Mar 21, 2013, 4:49:17 AM3/21/13

to redi...@googlegroups.com

We went through a deeper explanation of my "PS" for the message store/initial load stuff. And talked about scaling option #2.

- Josiah

Chaoran Yang

unread,

Mar 21, 2013, 5:27:03 AM3/21/13

to redi...@googlegroups.com

Here's our discussion:

Hello Josiah,

First of all, thank you very much. Your comments are always very valuable.

Yes, I agree that the first limiting factor I will hit is the max connection limit for Redis. But I think it should be easy to solve. I can have multiple web servers. Each server connects to multiple Redis servers. I can distribute online users among web servers. When a user posts a message, the web server issue the same list of publish command to all Redis servers.
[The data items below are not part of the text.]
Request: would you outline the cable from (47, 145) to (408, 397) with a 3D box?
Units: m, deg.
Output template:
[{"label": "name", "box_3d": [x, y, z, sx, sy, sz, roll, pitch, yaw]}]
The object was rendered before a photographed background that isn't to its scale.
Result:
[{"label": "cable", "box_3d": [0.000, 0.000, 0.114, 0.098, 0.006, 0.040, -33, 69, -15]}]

Then you will incur a cost of redis_servers*friends cost any time someone does something, which is *not* scalable. I'd suggest running a group of Redis servers (whose number is known), shard based on user_id, then start a task that knows which machines to publish to for each user (you should have a task server for out-of-band requests that shouldn't happen while a user is waiting for a response).
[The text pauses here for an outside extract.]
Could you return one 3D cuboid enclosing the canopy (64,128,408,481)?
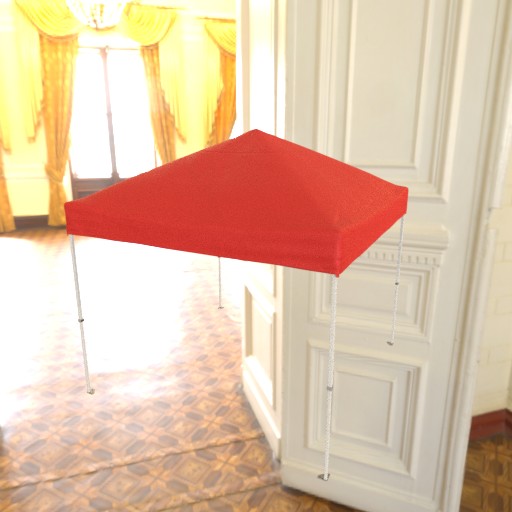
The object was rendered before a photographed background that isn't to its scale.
[{"bbox_3d":[0.000,0.000,5.420,2.996,2.997,2.998,8,18,26],"label":"canopy"}]

One more thing to ask: If I publish to every friend rather than online friends only, does it incur extra memory cost in Redis? I suppose publishing to a channel that has no subscribers should not cause extra memory footprint in Redis. If this is true I don't need to keep a list of currently online friends.

It doesn't cost anything except one more command to execute. But the thing to remember is that friend count will tend to be 10x online friend count (at least), so you get a factor of 10 speedup if you're willing to keep a little more information. More specifically, you could use a single ZSET until you have > 1 million users online at any time, then you could switch to a sharded ZSET using the same sharding method as you do for the publish part of notifications.
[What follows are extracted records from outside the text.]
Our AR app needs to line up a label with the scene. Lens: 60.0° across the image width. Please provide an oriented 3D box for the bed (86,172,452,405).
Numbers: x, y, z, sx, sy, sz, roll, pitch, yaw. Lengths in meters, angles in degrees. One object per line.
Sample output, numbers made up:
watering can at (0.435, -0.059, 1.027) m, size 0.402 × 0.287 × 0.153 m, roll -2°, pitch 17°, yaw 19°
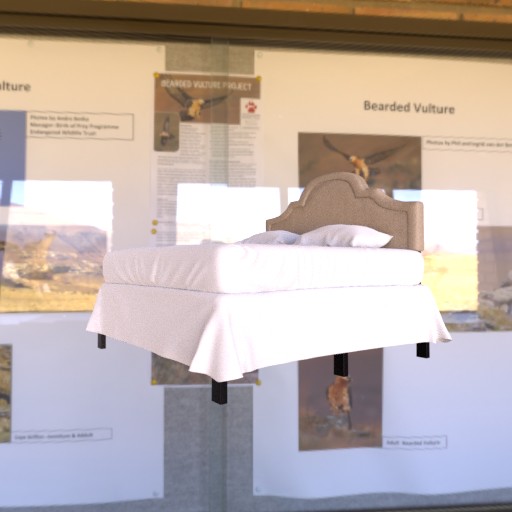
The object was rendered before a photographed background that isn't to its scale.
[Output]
bed at (0.000, 0.000, 3.756) m, size 2.222 × 1.631 × 2.303 m, roll 1°, pitch -1°, yaw -37°
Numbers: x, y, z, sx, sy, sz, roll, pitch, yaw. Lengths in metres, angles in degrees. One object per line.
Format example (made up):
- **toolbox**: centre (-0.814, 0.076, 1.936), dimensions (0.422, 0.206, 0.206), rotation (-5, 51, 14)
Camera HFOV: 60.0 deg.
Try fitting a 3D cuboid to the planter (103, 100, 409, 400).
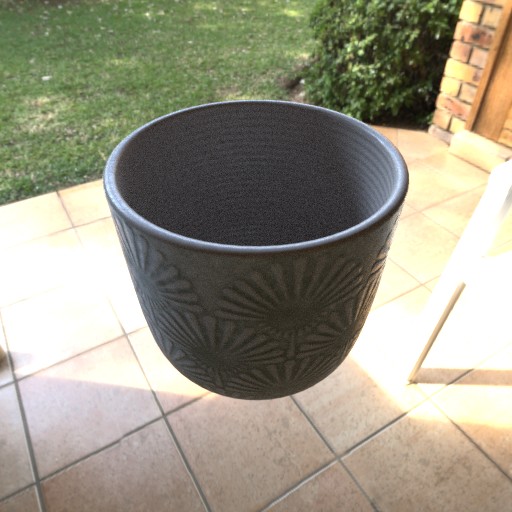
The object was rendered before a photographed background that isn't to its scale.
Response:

About storing messages, what I planed is to use MongoDB. I can store a message collection with index on user_id, then I can first fetch all my friend's user_id, then fetch recent messages with a list of friends' user_ids. Since MongoDB can be easily shard, and using Redis's sub/pub system should greatly reduce the number of queries of "recent posts by my friends", I suppose this plan can get me further beyond millions of users. Am I right? What do you think?

I wouldn't trust MongoDB with any data that I want to get back. As I've said before on the list, MongoDB isn't magic (it was actually written by people who knew close to nothing about how actual databases work, which is why it's had significant difficulties in working the way people expect a database to work). Just about everything that you want to do with MongoDB at scale can be done with other databases with less work, less worry, better performance, and with better guarantees about whether you're going to get your data back later.

I mentioned Riak, which is amazing at "add another machine for more throughput, storage, and optionally more resiliency", and supports secondary indices. Its secondary indices aren't terribly fast, and don't quite work the way most people expect, which is also why I suggested a search engine for getting the message ids from a list of friends (search engines also handle pagination, ordering by recency, and ordering by other options too).

If I use Riak, or AWS Cloud search/Lucene in future, what kind of architecture should I use for now?

My advice is actually just to stick with a separate Postgres or MySQL server for your message store for now, because it's more important to have a viable product before you worry about scaling.

When you get to needing to scale it up beyond what a single Postgres or MySQL server can handle, set up a Riak cluster along with Lucene/Cloud Search, and migrate your data over. On the scaling side of things for this, I'd also recommend only keeping the most recent 1k messages from any individual user in the search engine, as that will greatly reduce long-term performance issues.

- Josiah

arindam chakraborty

unread,

Mar 25, 2013, 3:38:53 AM3/25/13

to redi...@googlegroups.com

Well thanks both of you, Chaoran & Josiah.

I had been grappling with a similar situation and Redis is my first choice until the scale is manageable, then eventually migrating to Riak.

Having heard this detailed discussion on Lucene with Riak makes me happy that my choices were somewhat on the right path.